(Stored dataset items)
* * *

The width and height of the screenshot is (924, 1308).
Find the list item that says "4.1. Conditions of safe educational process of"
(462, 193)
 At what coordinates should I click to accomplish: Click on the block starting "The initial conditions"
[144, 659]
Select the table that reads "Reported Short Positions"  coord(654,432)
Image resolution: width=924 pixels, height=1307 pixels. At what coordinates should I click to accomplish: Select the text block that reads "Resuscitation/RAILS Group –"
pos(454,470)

* * *

● **Exercise directions**: Every record should be repeated exactly; please leave none out.

● **Answer space**:
The width and height of the screenshot is (924, 1308).
Find the list item that says "4.1. Conditions of safe educational process of"
(462, 193)
 At what coordinates should I click to accomplish: Click on the block starting "The initial conditions"
[144, 659]
Select the table that reads "Reported Short Positions"  coord(654,432)
Image resolution: width=924 pixels, height=1307 pixels. At what coordinates should I click to accomplish: Select the text block that reads "Resuscitation/RAILS Group –"
pos(454,470)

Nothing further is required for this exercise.